Now a new survey of 204 corporate board members finds that almost half (47%) of corporate directors surveyed are dissatisfied with their boards’ ability to provide information technology (IT) risk oversight. A recent survey from Oliver Wyman and the National Association of Corporate Directors (NACD) finds that, while virtually all board members acknowledge that IT will have a significant business impact on the companies they govern over the next five years, more than half, 51%, say they are not given enough information to perform their oversight duties effectively.

Not knowing enough about IT is a huge knowledge gap for the directors responsible for steering companies through today’s hyper-competitive global economy. Companies rely on information technology to squeeze
costs, streamline processes, leapfrog competitors, and even transform the business.

An interesting article talking about risk management, I wonder how much of this is about lack of effective investment and transparency both in operational issues and IT spend? How much as a percentage of the IT spend is as a result of keeping the lights on, and can we attribute those costs to a range of specific applications or services, or even one range of systems?

Linked to this though is understanding both IT costs, understanding how to play the IT game and explaining the corporate attitude to risk, and translating that into policy, on a simple level if the pc breaks do we fix it or replace it, if our 8 year old server breaks what is the policy a time and parts spend with the vendor? We need projects not only to be upgrading and renewing hardware, operating systems and middleware applications, but also to be analyzing infrastructure identifying savings and looking at what is being missed. Even simple things like going around the data centers and identifying the older kit, the systems switched off and getting them unracked can give the data center teams space to renew the data center, move things around to re-balance air flow and power distribution.
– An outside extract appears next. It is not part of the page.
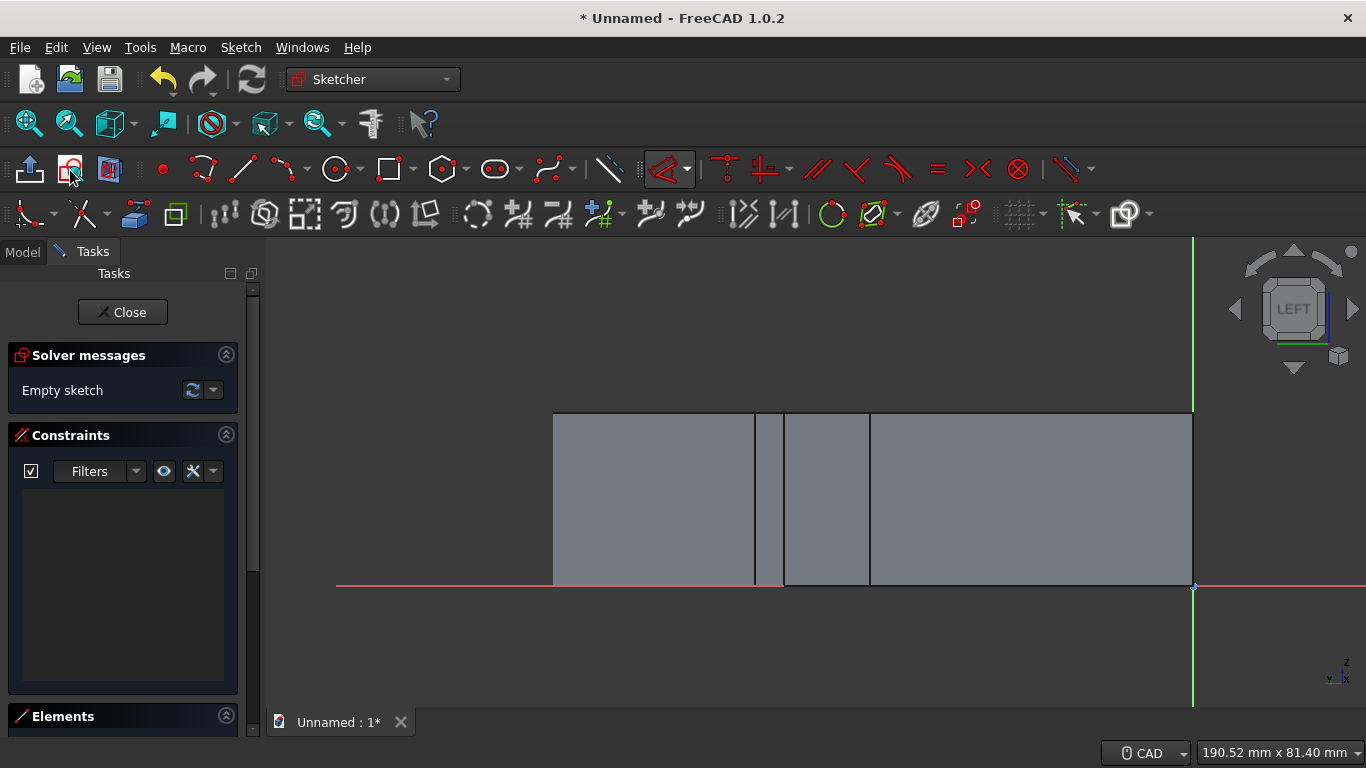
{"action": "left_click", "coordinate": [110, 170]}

Start on the operational basics whilst working on the enterprise strategies and everything else will follow, it should be a self fulfilling project, the hardware refresh project will force operating system upgrades as the newer boxes work with newer operating systems, which might move storage to the new array allowing us to decommission the old ones. One project can make crucial savings across the IT landscape.
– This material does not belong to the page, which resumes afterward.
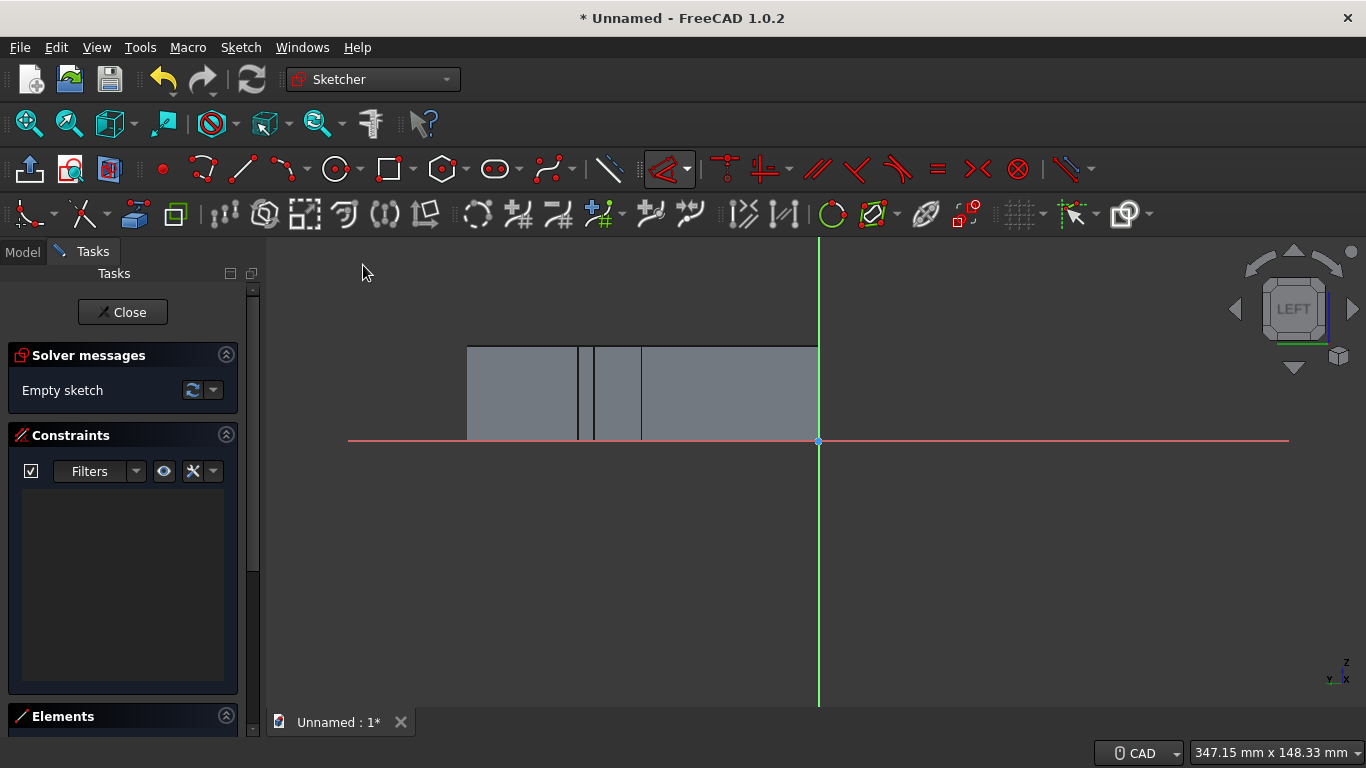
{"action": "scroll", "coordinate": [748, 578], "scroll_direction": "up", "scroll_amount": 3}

My view, as ‘irrelevant’ as the topic might seem to the board, but they often aren’t getting the feedback that they require or are not asking the right questions, crucially no one from the board has ever ‘logged a call and said can I have a server please, or can I have a recycled pc’. Therefore they don’t see the paperwork the back end non technical organizational issues involved, they don’t see that Mike’s manager wont sign off a new pc as he wants to save the £300 and therefore makes Mike wait five months for a recycled pc without considering the productivity or marginal cost of his time and the time in supporting a legacy pc. In the server space, they might see the savings in the hardware support contract being canceled but not realize the translation of those costs to having your engineers spend time on the phone with vendors discussing part numbers, co-ordinating parts collection and delivery, even courier handling.